Automatic Generation of Road Geometries to Create Challenging Scenarios for Automated Vehicles Based on the Sensor Setup
This work addresses safety validation for automated vehicles by creating specific, sensor-based challenging scenarios, but it is incremental as it builds on existing path-planning methods for a focused domain.
The paper tackles the problem of efficiently identifying challenging scenarios for offline safety assessment of automated vehicles by generating road geometries that minimize the ego-vehicle's perception of approaching objects, resulting in optimal paths for critical highway scenarios.

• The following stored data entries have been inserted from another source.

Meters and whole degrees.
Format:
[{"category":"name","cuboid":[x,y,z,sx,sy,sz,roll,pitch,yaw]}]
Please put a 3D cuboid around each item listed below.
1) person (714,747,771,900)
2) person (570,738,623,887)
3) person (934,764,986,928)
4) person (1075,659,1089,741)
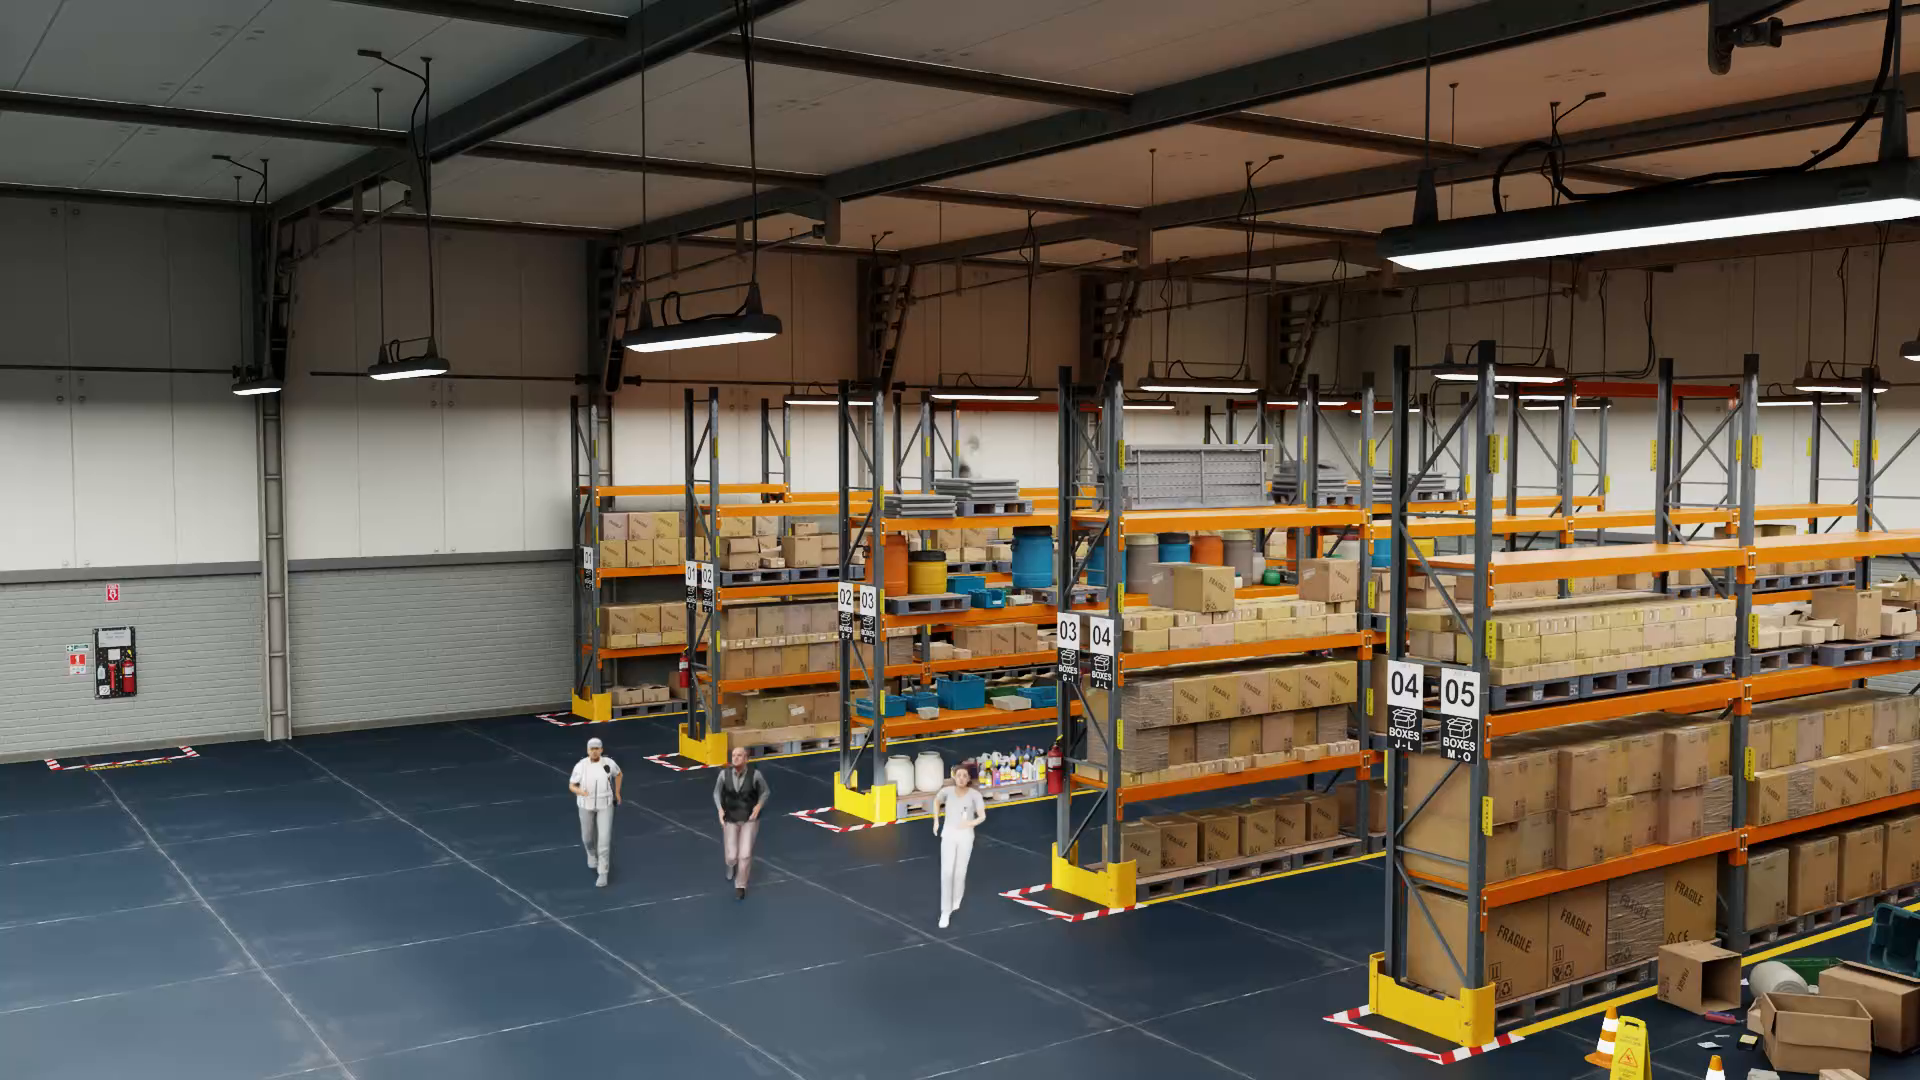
[{"category":"person","cuboid":[-2.477,3.194,18.915,0.661,1.697,0.635,0,3,0]},{"category":"person","cuboid":[-4.264,3.142,19.502,0.606,1.662,0.923,-1,3,-11]},{"category":"person","cuboid":[-0.005,3.261,17.953,0.563,1.720,0.746,0,3,1]},{"category":"person","cuboid":[2.045,2.694,27.642,0.878,1.575,0.543,-3,4,-37]}]

For the offline safety assessment of automated vehicles, the most challenging and critical scenarios must be identified efficiently. Therefore, we present a new approach to define challenging scenarios based on a sensor setup model of the ego-vehicle. First, a static optimal approaching path of a road user to the ego-vehicle is calculated using an A* algorithm. We consider a poor perception of the road user by the automated vehicle as optimal, because we want to define scenarios that are as critical as possible. The path is then transferred to a dynamic scenario, where the trajectory of the road user and the road layout are determined. The result is an optimal road geometry, so that the ego-vehicle can perceive an approaching object as poorly as possible. The focus of our work is on the highway as the Operational Design Domain (ODD).